The use of genomes and transmission prediction
The Centers for Disease Control and Prevention (CDC) defines a TB outbreak as two or more TB cases sharing a genotype. Once an outbreak is declared, the genomes from the TB samples are downloaded and cleaned. Arkansas uses the BEAUTi/BEAST to analyze the genomes and perform the MCMC algorithm. (12)
The MCMC algorithm approximates complex probability distributions and uses the Monte Carlo Simulation to randomly sample the probability space and estimate quantities of interest.
The Markov Chain generates a sequencer of states when the next state depends only on the current state, which ensures the algorithm efficiently navigates the space. Arkansas analysis uses 100,000 MCMC runs.
The files produced by BEAUTi/BEAST are then analyzed by the BREATH program. (13) The BREATH program visualizes whom-infected-whom while also providing two probability values. The probability value on the arrow leading from one case to another is the probability that the node at the head of the arrow infected the node at the tail of the arrow. The probability value within the node indicates the probability that the node was infected by an unsampled case.
We applied the BEAUTi/BEAST/BREATH to a current TB outbreak in Southwest Arkansas. The resulting predicted transmission tree is shown in the figure.
This tree branch reveals much information to help us understand the Southwest Arkansas TB outbreak. The transmission tree predicts whom-infected-whom within this branch. This allows the Arkansas TB Control officer to examine where this group interacted, whom they interacted with, and other epidemiological questions pertaining only to this group. This saves the outbreak investigators time, effort, and resources and may result in a better outcome, since interventions will be targeted to this group.
Arkansas has a long tradition of innovation in the TB control space. From large sanitoriums to new TB treatment, Arkansas has played an outsized role in revolutionizing TB care and control. Through applying bioinformatics to TB care and control, Arkansas continues innovating and pushing towards eliminating TB in Arkansas.
References
- Smith I. Mycobacterium tuberculosis Pathogenesis and Molecular Determinants of Virulence. Clin Microbiol Rev. 2003;16(3):463-496.

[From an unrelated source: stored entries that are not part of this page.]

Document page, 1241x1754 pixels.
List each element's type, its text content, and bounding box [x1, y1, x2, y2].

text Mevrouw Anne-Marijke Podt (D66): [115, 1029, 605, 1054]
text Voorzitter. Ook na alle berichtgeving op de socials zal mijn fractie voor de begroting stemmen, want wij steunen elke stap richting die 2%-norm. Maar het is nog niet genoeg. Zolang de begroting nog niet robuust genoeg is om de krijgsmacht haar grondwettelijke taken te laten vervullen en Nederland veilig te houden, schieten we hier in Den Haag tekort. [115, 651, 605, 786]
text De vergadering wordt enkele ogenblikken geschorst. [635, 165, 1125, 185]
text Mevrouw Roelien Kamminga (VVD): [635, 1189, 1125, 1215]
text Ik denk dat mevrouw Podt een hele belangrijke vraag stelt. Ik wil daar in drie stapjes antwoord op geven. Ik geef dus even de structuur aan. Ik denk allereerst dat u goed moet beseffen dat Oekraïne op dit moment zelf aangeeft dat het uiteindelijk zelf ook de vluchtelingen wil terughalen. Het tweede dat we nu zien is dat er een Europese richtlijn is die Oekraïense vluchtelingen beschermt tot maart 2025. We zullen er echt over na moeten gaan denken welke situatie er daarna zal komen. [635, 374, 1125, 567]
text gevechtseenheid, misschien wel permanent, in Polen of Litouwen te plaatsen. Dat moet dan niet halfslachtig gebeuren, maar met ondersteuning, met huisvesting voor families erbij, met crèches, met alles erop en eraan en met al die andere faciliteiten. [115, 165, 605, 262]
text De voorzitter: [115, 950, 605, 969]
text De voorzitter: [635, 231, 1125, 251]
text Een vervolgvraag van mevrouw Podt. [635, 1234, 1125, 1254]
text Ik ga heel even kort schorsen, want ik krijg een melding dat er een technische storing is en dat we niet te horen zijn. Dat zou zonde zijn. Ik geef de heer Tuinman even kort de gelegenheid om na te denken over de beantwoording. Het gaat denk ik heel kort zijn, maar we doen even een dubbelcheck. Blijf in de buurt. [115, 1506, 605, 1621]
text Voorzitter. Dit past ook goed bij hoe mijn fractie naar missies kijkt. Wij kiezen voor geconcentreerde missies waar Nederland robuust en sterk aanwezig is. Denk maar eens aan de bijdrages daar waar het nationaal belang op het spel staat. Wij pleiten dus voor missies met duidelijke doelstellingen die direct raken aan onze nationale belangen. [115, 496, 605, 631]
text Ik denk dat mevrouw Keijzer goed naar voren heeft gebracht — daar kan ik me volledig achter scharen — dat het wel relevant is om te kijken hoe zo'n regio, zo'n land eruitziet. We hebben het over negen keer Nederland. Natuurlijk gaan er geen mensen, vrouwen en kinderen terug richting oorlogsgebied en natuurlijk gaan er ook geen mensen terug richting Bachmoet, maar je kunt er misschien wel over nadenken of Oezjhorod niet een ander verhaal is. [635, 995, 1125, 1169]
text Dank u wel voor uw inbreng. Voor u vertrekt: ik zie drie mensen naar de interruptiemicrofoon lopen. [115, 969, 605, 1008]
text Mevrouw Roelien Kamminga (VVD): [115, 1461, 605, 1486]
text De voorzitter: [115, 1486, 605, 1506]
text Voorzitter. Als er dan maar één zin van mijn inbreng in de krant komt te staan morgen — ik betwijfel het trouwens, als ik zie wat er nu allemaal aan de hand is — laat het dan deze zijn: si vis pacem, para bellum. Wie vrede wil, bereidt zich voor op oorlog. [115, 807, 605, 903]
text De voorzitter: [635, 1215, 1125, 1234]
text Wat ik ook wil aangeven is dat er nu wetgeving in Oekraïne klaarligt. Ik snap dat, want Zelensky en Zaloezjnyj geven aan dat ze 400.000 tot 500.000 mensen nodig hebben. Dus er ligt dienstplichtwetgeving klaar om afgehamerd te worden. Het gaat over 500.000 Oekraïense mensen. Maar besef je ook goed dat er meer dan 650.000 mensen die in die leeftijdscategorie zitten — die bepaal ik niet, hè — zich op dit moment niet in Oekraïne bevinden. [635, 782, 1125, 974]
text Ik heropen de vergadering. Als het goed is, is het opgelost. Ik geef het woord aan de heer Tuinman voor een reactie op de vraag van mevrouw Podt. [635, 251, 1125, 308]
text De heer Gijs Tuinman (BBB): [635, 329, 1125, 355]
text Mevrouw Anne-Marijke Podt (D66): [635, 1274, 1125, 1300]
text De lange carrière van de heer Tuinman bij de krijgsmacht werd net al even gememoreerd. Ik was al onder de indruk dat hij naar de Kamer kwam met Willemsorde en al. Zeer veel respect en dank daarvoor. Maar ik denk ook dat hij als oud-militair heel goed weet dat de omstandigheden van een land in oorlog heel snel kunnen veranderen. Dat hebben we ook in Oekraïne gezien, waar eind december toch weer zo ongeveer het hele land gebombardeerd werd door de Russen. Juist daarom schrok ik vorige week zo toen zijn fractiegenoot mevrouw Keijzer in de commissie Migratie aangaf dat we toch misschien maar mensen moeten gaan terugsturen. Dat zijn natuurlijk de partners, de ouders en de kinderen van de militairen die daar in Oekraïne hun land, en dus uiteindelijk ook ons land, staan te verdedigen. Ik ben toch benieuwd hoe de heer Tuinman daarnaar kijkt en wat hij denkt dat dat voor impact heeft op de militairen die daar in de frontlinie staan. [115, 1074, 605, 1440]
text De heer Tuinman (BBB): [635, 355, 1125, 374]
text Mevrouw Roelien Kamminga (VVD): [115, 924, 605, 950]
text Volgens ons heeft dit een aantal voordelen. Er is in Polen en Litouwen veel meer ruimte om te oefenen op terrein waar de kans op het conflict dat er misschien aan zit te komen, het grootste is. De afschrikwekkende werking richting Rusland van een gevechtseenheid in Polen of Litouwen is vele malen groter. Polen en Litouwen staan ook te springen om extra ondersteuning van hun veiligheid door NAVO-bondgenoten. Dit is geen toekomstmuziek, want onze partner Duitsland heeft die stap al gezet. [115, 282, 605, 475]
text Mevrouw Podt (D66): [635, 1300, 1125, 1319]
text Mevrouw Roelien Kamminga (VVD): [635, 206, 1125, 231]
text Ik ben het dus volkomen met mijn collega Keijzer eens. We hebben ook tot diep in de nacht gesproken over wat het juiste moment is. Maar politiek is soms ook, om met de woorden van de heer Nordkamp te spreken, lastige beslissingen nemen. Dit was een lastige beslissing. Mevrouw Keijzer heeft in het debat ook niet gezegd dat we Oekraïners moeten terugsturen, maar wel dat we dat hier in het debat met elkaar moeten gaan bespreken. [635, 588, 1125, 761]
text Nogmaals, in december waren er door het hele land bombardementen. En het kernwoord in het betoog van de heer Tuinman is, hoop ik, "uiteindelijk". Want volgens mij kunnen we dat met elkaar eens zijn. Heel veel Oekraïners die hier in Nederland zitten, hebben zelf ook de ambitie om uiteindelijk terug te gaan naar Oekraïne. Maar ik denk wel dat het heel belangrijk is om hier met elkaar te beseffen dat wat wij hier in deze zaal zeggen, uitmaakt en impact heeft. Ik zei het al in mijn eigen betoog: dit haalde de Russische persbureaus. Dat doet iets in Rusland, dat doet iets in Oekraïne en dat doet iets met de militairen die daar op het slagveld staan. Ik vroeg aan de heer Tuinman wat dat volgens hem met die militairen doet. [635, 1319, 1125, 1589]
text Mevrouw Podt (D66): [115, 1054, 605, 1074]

- World Health Organization. Global Tuberculosis Report 2020.; 2020.
- Long B, Liang SY, Koyfman A, Gottlieb M. Tuberculosis: a focused review for the emergency medicine clinician. Am J Emerg Med. 2020;38(5):1014-1022.

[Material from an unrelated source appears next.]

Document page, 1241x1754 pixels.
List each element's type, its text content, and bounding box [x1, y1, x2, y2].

- Ehlers S, Schaible UE. The granuloma in tuberculosis: dynamics of a host-pathogen collusion. Front Immunol. 2012;3:411.
- Petersen S. Arkansas State Tuberculosis Sanatorium: The Nation’s Largest. Ark Hist Q. 1946;5(4):311.
- Bates J. Ambulatory Treatment of Tuberculosis – An Idea Whose Time Is Come. Am Rev Respir Dis. 1974;109(3):317-319.
- Floyd L, Bates, Joseph. Stalking the Great Killer: Arkansas’s Long War on Tuberculosis. University of Oklahoma Press; 2023.
- Chen T, Guestrin C. XGBoost: A Scalable Tree Boosting System. In: Proceedings of the 22nd ACM SIGKDD International Conference on Knowledge Discovery and Data Mining. ACM; 2016:785-794.
- Marcílio-Jr WE, Eler DM. Explaining dimensionality reduction results using Shapley values. Expert Syst Appl. 2021;178:115020.
- Stimson J, Gardy J, Mathema B, Crudu V, Cohen T, Colijn C. Beyond the SNP Threshold: Identifying Outbreak Clusters Using Inferred Transmissions. Leitner T, ed. Mol Biol Evol. 2019;36(3):587-603.
- Ayabina D, Ronning JO, Alfsnes K, et al. Genome-based transmission modelling separates imported tuberculosis from recent transmission within an immigrant population. Microb Genomics. 2018;4(10).
- Drummond AJ, Suchard MA, Xie D, Rambaut A. Bayesian Phylogenetics with BEAUti and the BEAST 1.7. Mol Biol Evol. 2012;29(8):1969-1973.
- Colijn C, Hall M, Bouckaert R. Taking a BREATH (Bayesian Reconstruction and Evolutionary Analysis of Transmission Histories) to simultaneously infer phylogenetic and transmission trees for partially sampled outbreaks. Published online July 15, 2024.